Keuangan

POPSI Peringatkan Kenaikan Pungutan Ekspor dan Mandatori B50 Ancam Petani Sawit Nasional

Rencana pemerintah untuk menaikkan mandatori biodiesel dari B40 menjadi B50 menuai sorotan tajam dari Perkumpulan Organisasi Petani Sawit Indonesia (POPSI). POPSI mengingatkan bahwa kebijakan tersebut berpotensi besar menekan petani dan merusak ekosistem sawit nasional, terutama jika dibarengi dengan kenaikan pungutan ekspor (PE) pada tahun 2026.

Ketua Umum POPSI, Mansuetus Darto, menegaskan bahwa kebijakan biodiesel sejatinya dirancang sebagai instrumen stabilisasi pasar, bukan program yang terlalu dominan hingga membebani sektor hulu. Ia mengkritisi pendekatan pemerintah dalam pendanaan program ini.

Simak artikel informatif lainnya hanya di mureks.co.id.

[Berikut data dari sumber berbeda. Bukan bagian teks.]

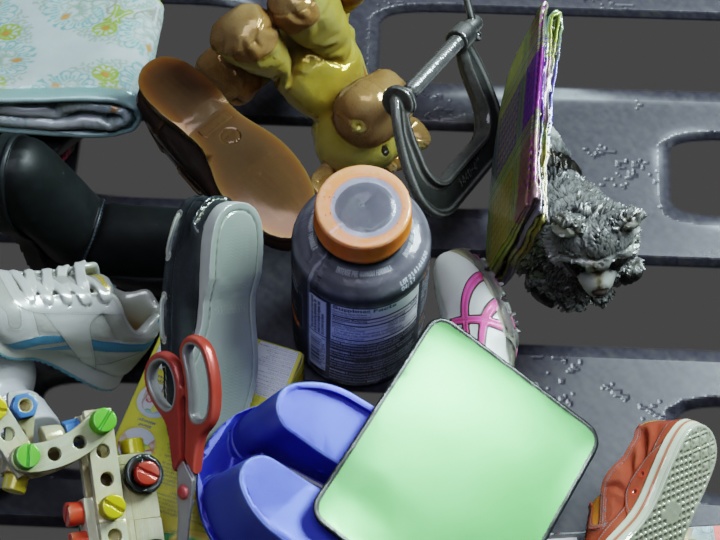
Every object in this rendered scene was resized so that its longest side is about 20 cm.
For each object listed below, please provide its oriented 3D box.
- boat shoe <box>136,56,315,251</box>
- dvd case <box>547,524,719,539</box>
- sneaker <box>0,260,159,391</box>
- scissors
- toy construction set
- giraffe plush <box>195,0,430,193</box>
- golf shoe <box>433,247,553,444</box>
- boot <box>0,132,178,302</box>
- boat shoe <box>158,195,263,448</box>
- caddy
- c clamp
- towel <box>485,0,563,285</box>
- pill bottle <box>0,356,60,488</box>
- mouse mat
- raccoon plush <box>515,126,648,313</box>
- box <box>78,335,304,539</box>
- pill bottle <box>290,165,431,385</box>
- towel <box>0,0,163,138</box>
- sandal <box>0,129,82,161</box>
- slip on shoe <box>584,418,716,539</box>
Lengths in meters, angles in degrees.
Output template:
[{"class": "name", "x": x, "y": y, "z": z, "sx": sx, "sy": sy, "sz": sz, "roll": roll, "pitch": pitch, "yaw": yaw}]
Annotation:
[{"class": "boat shoe", "x": -0.104, "y": -0.086, "z": 1.620, "sx": 0.070, "sy": 0.070, "sz": 0.200, "roll": -31, "pitch": 66, "yaw": -21}, {"class": "dvd case", "x": 0.234, "y": 0.258, "z": 1.499, "sx": 0.200, "sy": 0.022, "sz": 0.146, "roll": -3, "pitch": 60, "yaw": -1}, {"class": "sneaker", "x": -0.234, "y": 0.026, "z": 1.537, "sx": 0.081, "sy": 0.200, "sz": 0.077, "roll": -47, "pitch": 54, "yaw": 15}, {"class": "scissors", "x": -0.122, "y": 0.148, "z": 1.468, "sx": 0.073, "sy": 0.014, "sz": 0.200, "roll": -10, "pitch": 83, "yaw": 39}, {"class": "toy construction set", "x": -0.208, "y": 0.181, "z": 1.464, "sx": 0.131, "sy": 0.092, "sz": 0.200, "roll": -5, "pitch": 93, "yaw": -24}, {"class": "giraffe plush", "x": -0.023, "y": -0.147, "z": 1.664, "sx": 0.172, "sy": 0.200, "sz": 0.162, "roll": -34, "pitch": 82, "yaw": -5}, {"class": "golf shoe", "x": 0.082, "y": 0.071, "z": 1.577, "sx": 0.092, "sy": 0.073, "sz": 0.200, "roll": -11, "pitch": 60, "yaw": -9}, {"class": "boot", "x": -0.189, "y": -0.035, "z": 1.580, "sx": 0.162, "sy": 0.198, "sz": 0.073, "roll": 8, "pitch": 63, "yaw": 13}, {"class": "boat shoe", "x": -0.117, "y": 0.043, "z": 1.525, "sx": 0.060, "sy": 0.076, "sz": 0.200, "roll": 13, "pitch": 93, "yaw": 44}, {"class": "caddy", "x": -0.023, "y": 0.174, "z": 1.495, "sx": 0.200, "sy": 0.105, "sz": 0.142, "roll": 32, "pitch": 60, "yaw": -7}, {"class": "c clamp", "x": 0.065, "y": -0.143, "z": 1.651, "sx": 0.027, "sy": 0.171, "sz": 0.200, "roll": -7, "pitch": 31, "yaw": 31}, {"class": "towel", "x": 0.130, "y": -0.096, "z": 1.622, "sx": 0.023, "sy": 0.144, "sz": 0.200, "roll": 10, "pitch": 61, "yaw": -7}, {"class": "pill bottle", "x": -0.320, "y": 0.071, "z": 1.565, "sx": 0.111, "sy": 0.111, "sz": 0.200, "roll": -36, "pitch": 66, "yaw": -18}, {"class": "mouse mat", "x": 0.073, "y": 0.148, "z": 1.480, "sx": 0.161, "sy": 0.008, "sz": 0.200, "roll": 37, "pitch": 60, "yaw": -4}, {"class": "raccoon plush", "x": 0.158, "y": -0.058, "z": 1.615, "sx": 0.097, "sy": 0.134, "sz": 0.200, "roll": -24, "pitch": 63, "yaw": -11}, {"class": "box", "x": -0.128, "y": 0.140, "z": 1.559, "sx": 0.117, "sy": 0.048, "sz": 0.200, "roll": 17, "pitch": 60, "yaw": 10}, {"class": "pill bottle", "x": 0.000, "y": 0.000, "z": 1.545, "sx": 0.106, "sy": 0.200, "sz": 0.106, "roll": 1, "pitch": 61, "yaw": -1}, {"class": "towel", "x": -0.273, "y": -0.183, "z": 1.718, "sx": 0.200, "sy": 0.048, "sz": 0.171, "roll": 4, "pitch": 44, "yaw": 0}, {"class": "sandal", "x": -0.276, "y": -0.106, "z": 1.711, "sx": 0.075, "sy": 0.045, "sz": 0.200, "roll": 42, "pitch": 54, "yaw": 16}, {"class": "slip on shoe", "x": 0.193, "y": 0.195, "z": 1.494, "sx": 0.061, "sy": 0.074, "sz": 0.200, "roll": 8, "pitch": 61, "yaw": 47}]

“Karena itu mendesain kebijakan biodiesel hingga sangat dominan adalah sesuatu yang keliru. Jika B50 tetap dipaksakan sementara sumber pendanaannya bertumpu pada Badan Pengelola Dana Perkebunan (BPDP), maka yang akan dikorbankankan adalah petani sawit,’’ ujar Mansuetus Darto dalam keterangan tertulisnya, Selasa (30/12/2025).

Dampak Kenaikan Pungutan Ekspor dan Kondisi Dana BPDP

Darto menjelaskan, kenaikan pungutan ekspor akan berdampak langsung pada daya saing sawit Indonesia di pasar global. Hal ini karena penambahan pungutan tersebut akan meningkatkan harga ekspor, khususnya pada komponen cost, insurance, and freight (CIF).

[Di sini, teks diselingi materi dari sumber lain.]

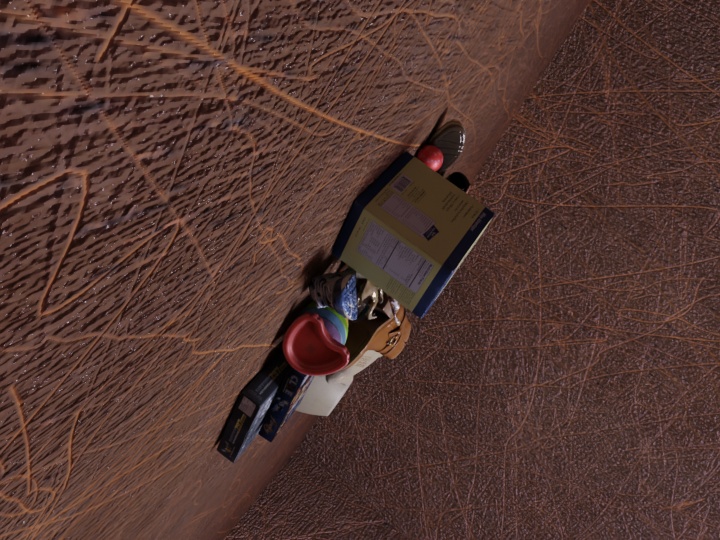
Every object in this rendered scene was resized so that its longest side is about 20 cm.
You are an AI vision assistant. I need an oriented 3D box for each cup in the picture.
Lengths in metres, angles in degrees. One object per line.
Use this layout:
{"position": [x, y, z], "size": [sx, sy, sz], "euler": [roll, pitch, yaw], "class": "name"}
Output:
{"position": [-0.104, 0.258, 1.638], "size": [0.201, 0.142, 0.200], "euler": [-54, 172, -10], "class": "cup"}

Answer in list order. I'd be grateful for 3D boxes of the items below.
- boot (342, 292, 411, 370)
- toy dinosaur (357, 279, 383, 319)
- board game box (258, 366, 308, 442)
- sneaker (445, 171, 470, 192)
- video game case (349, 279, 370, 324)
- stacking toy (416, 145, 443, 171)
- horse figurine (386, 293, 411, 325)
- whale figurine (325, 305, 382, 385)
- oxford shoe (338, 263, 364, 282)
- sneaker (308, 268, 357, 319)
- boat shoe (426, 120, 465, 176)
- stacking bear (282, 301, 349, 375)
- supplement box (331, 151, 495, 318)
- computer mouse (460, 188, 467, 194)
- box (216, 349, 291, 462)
{"position": [0.031, 0.149, 1.436], "size": [0.201, 0.073, 0.155], "euler": [-51, 142, -12], "class": "boot"}
{"position": [0.016, 0.036, 1.318], "size": [0.200, 0.058, 0.102], "euler": [-50, 157, -53], "class": "toy dinosaur"}
{"position": [-0.130, 0.234, 1.394], "size": [0.201, 0.034, 0.136], "euler": [-63, 173, 34], "class": "board game box"}
{"position": [0.180, -0.126, 1.476], "size": [0.112, 0.076, 0.202], "euler": [108, -5, -62], "class": "sneaker"}
{"position": [-0.024, 0.069, 1.505], "size": [0.201, 0.022, 0.182], "euler": [-51, -166, 2], "class": "video game case"}
{"position": [0.116, -0.170, 1.440], "size": [0.085, 0.085, 0.201], "euler": [-47, 163, -47], "class": "stacking toy"}
{"position": [0.085, 0.007, 1.322], "size": [0.133, 0.049, 0.202], "euler": [65, 38, -49], "class": "horse figurine"}
{"position": [-0.013, 0.163, 1.551], "size": [0.158, 0.104, 0.201], "euler": [13, 116, -44], "class": "whale figurine"}
{"position": [0.000, 0.000, 1.417], "size": [0.071, 0.073, 0.200], "euler": [-52, 172, -26], "class": "oxford shoe"}
{"position": [-0.048, 0.043, 1.202], "size": [0.200, 0.084, 0.078], "euler": [-88, 174, -85], "class": "sneaker"}
{"position": [0.164, -0.248, 1.462], "size": [0.201, 0.071, 0.077], "euler": [122, -13, -49], "class": "boat shoe"}
{"position": [-0.067, 0.101, 1.327], "size": [0.113, 0.122, 0.200], "euler": [-35, -168, 26], "class": "stacking bear"}
{"position": [0.094, -0.066, 1.229], "size": [0.200, 0.199, 0.135], "euler": [-48, 171, -43], "class": "supplement box"}
{"position": [0.118, -0.115, 1.411], "size": [0.200, 0.141, 0.046], "euler": [-42, -167, 0], "class": "computer mouse"}
{"position": [-0.204, 0.269, 1.393], "size": [0.158, 0.051, 0.201], "euler": [-46, 168, -51], "class": "box"}
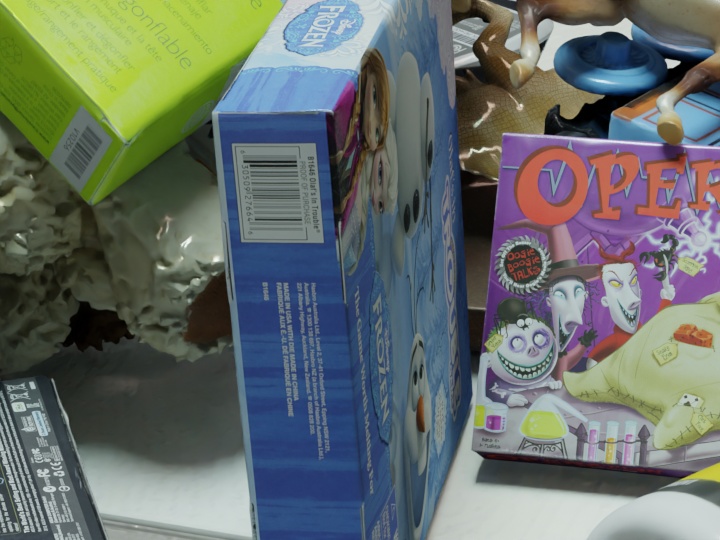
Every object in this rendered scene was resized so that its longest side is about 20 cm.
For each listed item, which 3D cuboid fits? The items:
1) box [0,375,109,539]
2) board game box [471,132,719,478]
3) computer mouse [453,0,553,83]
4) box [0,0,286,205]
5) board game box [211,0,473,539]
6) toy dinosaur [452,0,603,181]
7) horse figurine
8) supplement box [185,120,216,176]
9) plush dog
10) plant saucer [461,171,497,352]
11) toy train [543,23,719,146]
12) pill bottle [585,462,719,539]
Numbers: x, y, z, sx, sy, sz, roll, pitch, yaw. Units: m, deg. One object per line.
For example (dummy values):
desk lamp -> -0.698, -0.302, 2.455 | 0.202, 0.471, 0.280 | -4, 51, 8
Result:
box -> -0.164, 0.105, 0.971 | 0.160, 0.049, 0.200 | -6, 26, -14
board game box -> 0.144, 0.017, 1.056 | 0.199, 0.121, 0.032 | 4, -11, 14
computer mouse -> 0.008, -0.073, 1.343 | 0.199, 0.044, 0.109 | -23, 27, -27
box -> -0.067, -0.123, 1.068 | 0.122, 0.048, 0.200 | 46, 50, 6
board game box -> 0.000, 0.000, 1.000 | 0.043, 0.201, 0.199 | 1, 26, 11
toy dinosaur -> 0.064, -0.072, 1.259 | 0.199, 0.058, 0.101 | -27, 47, -24
horse figurine -> 0.111, -0.099, 1.108 | 0.199, 0.050, 0.133 | 20, 36, 18
supplement box -> -0.027, -0.107, 1.192 | 0.200, 0.073, 0.126 | -51, 9, -22
plush dog -> -0.147, -0.018, 1.102 | 0.199, 0.172, 0.161 | -3, 62, -26
plant saucer -> 0.074, -0.013, 1.218 | 0.199, 0.035, 0.201 | -2, 26, 1
toy train -> 0.156, -0.059, 1.179 | 0.114, 0.087, 0.200 | 27, 37, 33
pill bottle -> 0.172, 0.094, 0.891 | 0.199, 0.115, 0.114 | -19, 30, -32

Lebih jauh, dana BPDP yang seharusnya dialokasikan untuk program-program krusial seperti peremajaan sawit rakyat, peningkatan produktivitas, penguatan sumber daya manusia, hingga dukungan sertifikasi Indonesian Sustainable Palm Oil (ISPO), terancam terpinggirkan. Saat ini, pungutan ekspor sawit berada di kisaran 75 dollar AS hingga 95 dollar AS per ton, bergantung pada harga CPO internasional.

Di sisi lain, harga biosolar berbasis sawit dinilai masih tinggi, sehingga memerlukan dana BPDP untuk menutup selisih dengan harga solar impor. POPSI mencatat, cadangan dana BPDP terus terkuras, sementara banyak program petani tersendat dan diperkirakan bisa habis pada pertengahan 2026.

“POPSI mengingatkan bahwa dana BPDP sudah terkuras banyak, program untuk petani banyak tersendat dan akan habis pada pertengahan 2026. Pemerintah kemudian berancang-ancang menaikkan PE dan tentu akan berdampak langsung pada harga Tandan Buah Segar (TBS) di tingkat Petani,” papar Darto.

Berdasarkan studi yang dilakukan oleh Serikat Petani Kelapa Sawit pada tahun 2018, setiap kenaikan pungutan ekspor sebesar 50 dollar AS per ton berkontribusi pada penurunan harga TBS sekitar Rp 435 per kilogram. Ini menunjukkan bahwa setiap tambahan beban pungutan akan secara langsung menggerus pendapatan petani sawit.

POPSI menegaskan bahwa petani tidak menolak program biodiesel. Namun, mereka menuntut desain kebijakan yang lebih adil, realistis, dan berkelanjutan. Salah satu opsi yang diusulkan adalah subsidi biodiesel yang lebih terarah, khususnya untuk sektor Public Service Obligation (PSO), dengan batas subsidi maksimal sekitar Rp 4.000 per liter.